In the case of non-invasive NIRS studies of the human brain, one has to take into consideration the presence of superficial, non-cerebral tissue layers that may confound optical measurements of the brain cortex. This is a well-known limiting factor of non-invasive functional NIRS, which has been tackled in a number of ways, typically based on collecting data at multiple source-detector separations in combination with regression methods [26], spectral analysis [54], independent component analysis [55], or the computation of partial mean pathlengths in two-layered media [56].

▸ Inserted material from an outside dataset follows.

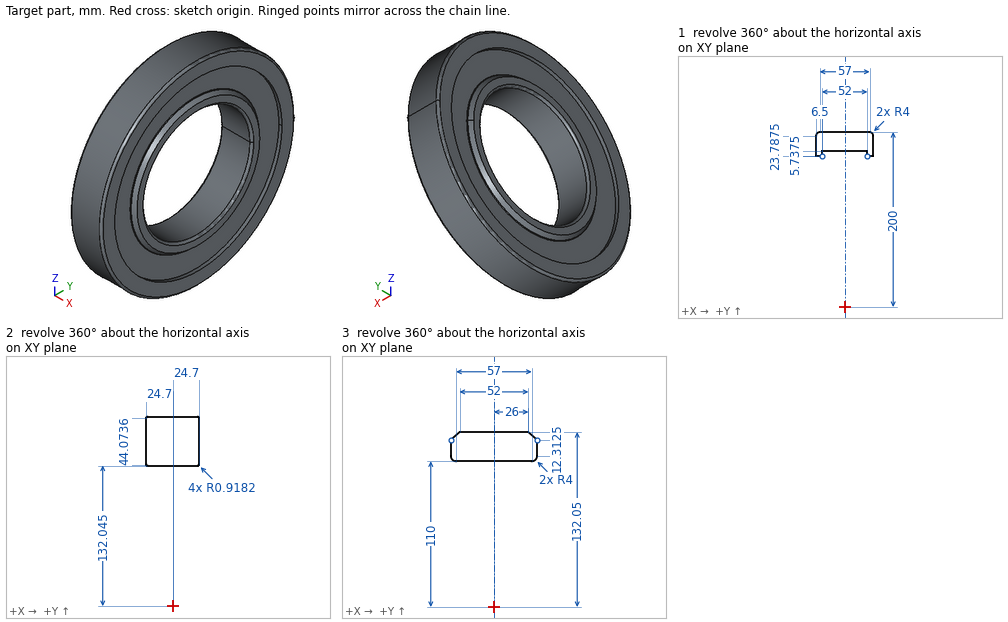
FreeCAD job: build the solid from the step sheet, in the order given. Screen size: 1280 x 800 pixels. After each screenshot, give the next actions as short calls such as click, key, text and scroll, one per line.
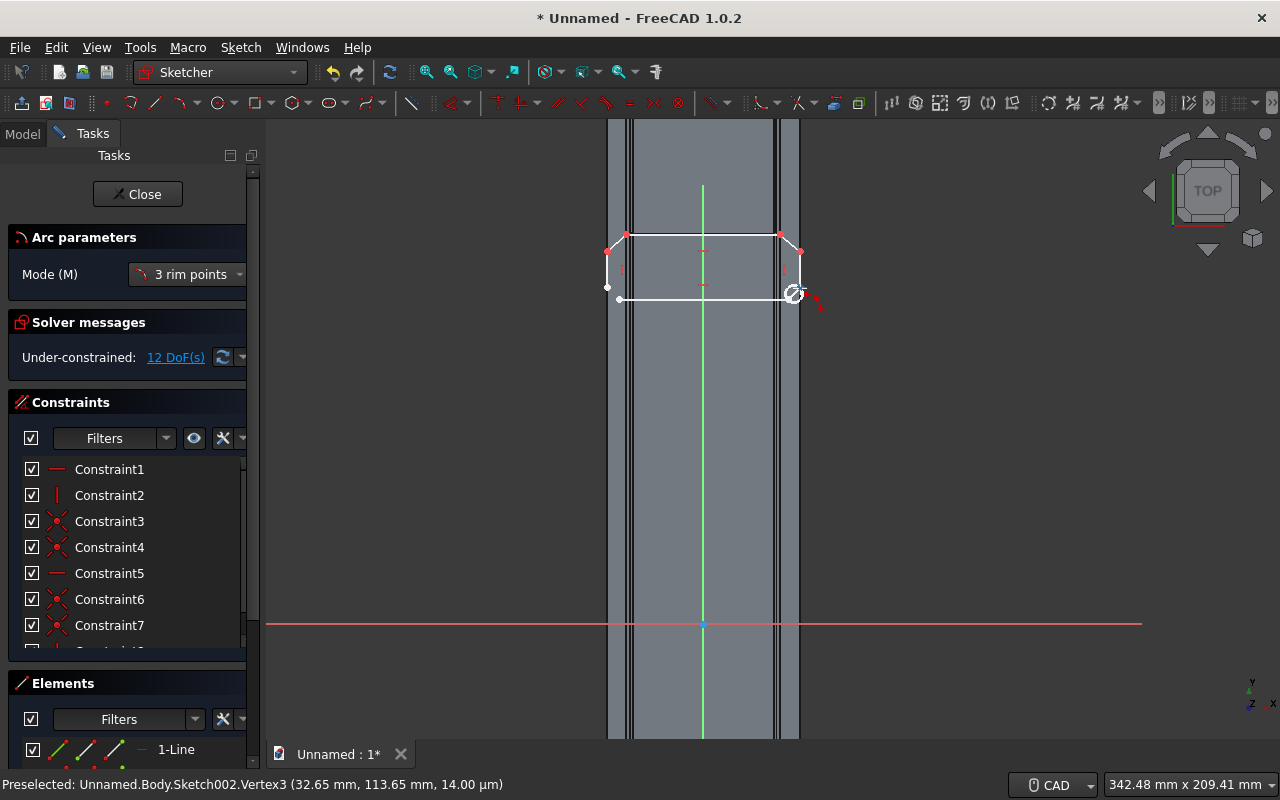
scroll(796, 295, up, 8)

This chapter describes a hybrid FD/CW method based on the mBLL and on a two-layer diffusion model to disentangle the contributions to the optical signals from induced hemodynamic oscillations occurring in the extracerebral (superficial) tissue and in the (deeper) brain tissue. This problem was tackled by using a two-layer diffusion model and the combination of NIRS data collected at multiple source-detector separations. This two-layer diffusion model has by now been used in the evaluation of baseline optical features and hemoglobin concentrations in two “effective” head tissue layers. Frequently, in NIRS, the dynamics of hemoglobin species are calculated by means of the modified Beer-Lambert law (mBLL), which considers homogeneous absorption changes in a light probed tissue. As this premise can be violated under a variety of conditions, it would be fundamental to distinguish the hemodynamic oscillations taking place in the extra-cerebral layers, namely scalp and skull, from those taking place in the brain. Thereupon a more realistic two distinct layers model of the head has been considered. The diffusion equation solution in the FD corresponding to a two-layer configuration was used to recover the absorption baseline values, the reduced scattering coefficients of both layers, and also the first layer thickness, from frequency-domain data at six source-detector separations. These baseline values were used to calculate the partial (in each layer) and total (in the entire medium) mean optical pathlengths which allowed us to recover the oxy- and deoxy-hemoglobin hemodynamic oscillations in the two tissue layers by using CW data. This is the first step to recover relevant physiological parameters specific to the brain by using CHS.

In summary, we have described CHS, a new technique to investigate cerebral hemodynamics, and a first attempt towards the creation of depth-resolved CHS. The ability to perform accurate measurements of the cerebral hemodynamics with non-invasive optical techniques can ultimately result in a powerful tool towards the non-invasive assessment of cerebral perfusion, autoregulation , functional activation, and overall tissue viability in vivo.